Помыть чем? Спрашиваю я скорее у себя и ловлю взглядом жидкое мыло. Каша на удивление съедобная, кажется, перловая, но я не уверена, с детства терпеть не могу каши, поэтому у меня нет к ним особых притязаний, я не знаю, какой должна быть каша. Эта...ничего. Успокаиваю себя тем, что каша на завтрак — это полезно. Быстро растянуть «удовольствие» от полезного завтрака не получается, поскольку из-за двери доносится знакомый грохот и крик: «Чай. Сдаём тарелки.». Второпях мою тарелку и ложку жидким мылом, возвращаю злобному полицейскому и беру… Ааааа! Нереально горячую металлическую кружку, после чего дую на покрасневшую руку. Жду, когда остынет «чай», на чай жидкость без запаха и цвета мало похожа. Пью — сойдёт. Надеюсь, после отсидки мне не придётся обращаться к гастроэнтерологу. Умываюсь, заодно ополаскиваю зеркало, делаю свои грязные дела и жду. Чего? А я и сама в душе не чаю, чего мне теперь ждать и от кого. Прикрываю глаза, прокручивая в голове встречу с Гамлетом, Ирмой, пытаюсь уцепиться за невидимую нить, что выведет меня из-под стражи и снимет все обвинения, но понимаю, что попала по полной. Расхваленный Аллочкой одноклассник и крутой адвокат — Глебов Артём Борисович — не удосужился особо озвучить мне дальнейший расклад, лишь виновато пролепетал: «Дело требует рассмотрения. Вам пока придётся посидеть. У следствия неоспоримые доказательства вашей вины. Мне необходимо больше времени для изучения материалов. Но уверяю вас, мы с вами справимся. Я смогу договориться о смягчении меры пресечения для вас.». Артём Борисович в своём красивом костюмчике, ухоженный и надушенный какими-то противными и явно дорогими духами припечатывал меня к стене камеры своими словами всё больше, загоняя в беспросветный тупик безнадёжности.

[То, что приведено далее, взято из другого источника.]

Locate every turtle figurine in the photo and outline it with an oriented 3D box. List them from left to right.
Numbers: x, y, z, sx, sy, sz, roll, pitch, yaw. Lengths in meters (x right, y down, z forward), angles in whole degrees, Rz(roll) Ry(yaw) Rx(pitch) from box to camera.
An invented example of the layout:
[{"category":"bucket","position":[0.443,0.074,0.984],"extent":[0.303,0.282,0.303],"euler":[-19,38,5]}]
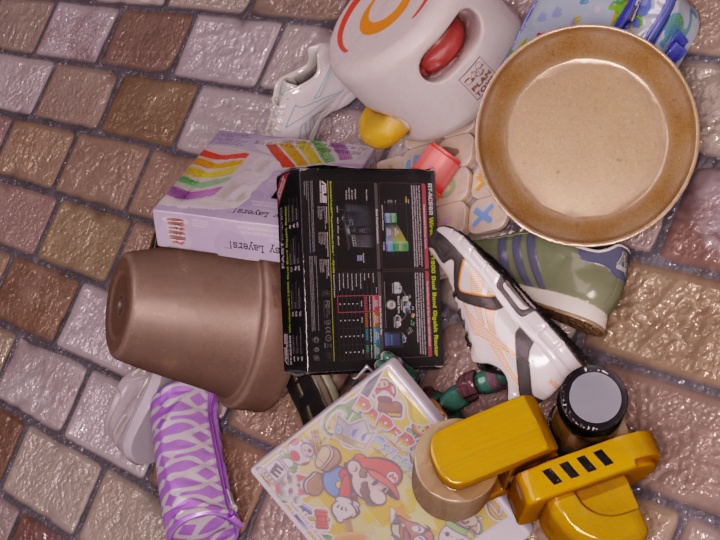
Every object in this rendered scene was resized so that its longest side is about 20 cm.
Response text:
[{"category":"turtle figurine","position":[0.056,0.143,1.307],"extent":[0.199,0.101,0.150],"euler":[-15,93,24]}]

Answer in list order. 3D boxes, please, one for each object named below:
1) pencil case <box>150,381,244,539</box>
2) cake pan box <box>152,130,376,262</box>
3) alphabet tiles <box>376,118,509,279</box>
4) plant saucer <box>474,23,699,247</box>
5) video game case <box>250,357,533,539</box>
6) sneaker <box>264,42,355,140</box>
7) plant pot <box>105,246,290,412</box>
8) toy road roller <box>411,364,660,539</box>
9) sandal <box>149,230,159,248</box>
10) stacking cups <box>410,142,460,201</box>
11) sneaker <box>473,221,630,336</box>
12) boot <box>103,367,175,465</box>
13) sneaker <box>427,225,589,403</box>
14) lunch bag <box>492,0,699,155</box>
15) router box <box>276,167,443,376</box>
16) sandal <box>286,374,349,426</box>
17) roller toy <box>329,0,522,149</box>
[{"category":"pencil case","position":[-0.181,0.213,1.517],"extent":[0.085,0.084,0.200],"euler":[-35,47,19]},{"category":"cake pan box","position":[-0.094,-0.079,1.480],"extent":[0.199,0.052,0.184],"euler":[9,37,18]},{"category":"alphabet tiles","position":[0.079,-0.082,1.471],"extent":[0.195,0.015,0.201],"euler":[-12,61,41]},{"category":"plant saucer","position":[0.204,-0.120,1.260],"extent":[0.199,0.035,0.201],"euler":[0,88,10]},{"category":"video game case","position":[0.026,0.207,1.264],"extent":[0.182,0.023,0.200],"euler":[-39,91,23]},{"category":"sneaker","position":[-0.080,-0.185,1.636],"extent":[0.201,0.080,0.070],"euler":[-53,44,11]},{"category":"plant pot","position":[-0.174,0.046,1.484],"extent":[0.200,0.174,0.201],"euler":[-173,90,-66]},{"category":"toy road roller","position":[0.152,0.179,1.146],"extent":[0.199,0.123,0.146],"euler":[-19,69,-6]},{"category":"sandal","position":[-0.248,0.017,1.699],"extent":[0.055,0.081,0.201],"euler":[-32,40,57]},{"category":"stacking cups","position":[0.036,-0.039,1.444],"extent":[0.200,0.060,0.061],"euler":[-52,43,6]},{"category":"sneaker","position":[0.170,-0.010,1.309],"extent":[0.200,0.067,0.090],"euler":[24,83,45]},{"category":"boot","position":[-0.237,0.122,1.630],"extent":[0.095,0.073,0.201],"euler":[29,88,48]},{"category":"sneaker","position":[0.112,0.039,1.238],"extent":[0.080,0.074,0.200],"euler":[-46,55,11]},{"category":"lunch bag","position":[0.223,-0.201,1.345],"extent":[0.161,0.082,0.200],"euler":[36,96,43]},{"category":"router box","position":[0.000,0.000,1.355],"extent":[0.062,0.149,0.201],"euler":[172,97,-64]},{"category":"sandal","position":[-0.037,0.117,1.451],"extent":[0.080,0.057,0.202],"euler":[-50,51,52]},{"category":"roller toy","position":[0.072,-0.233,1.459],"extent":[0.182,0.140,0.201],"euler":[-21,42,38]}]

«Задержанная Илона Белозёрова, к вам посетитель», — оповещает зычный голос за открывающейся дверью. В полиции у всех что ли голоса поставленные, точно они на плацу запевают песни. Я поджимаю под себя ноги и с сомнением гляжу на дверь. Кого там принесла нелёгкая? Ну?
Фухххх… Костя. Константин Аркадьевич. Нет, только не этот сочувствующий взгляд, шеф, пожалуйста. Он смотрит на меня прискорбно, садится за стол, отводит взгляд и молчит. Я тоже молчу, слезаю с кровати, подхожу к столу и смотрю на шефа. Наше взаимное молчание затягивается, оно оглушает камеру звенящей тишиной, и я не выдерживаю, заговариваю первая.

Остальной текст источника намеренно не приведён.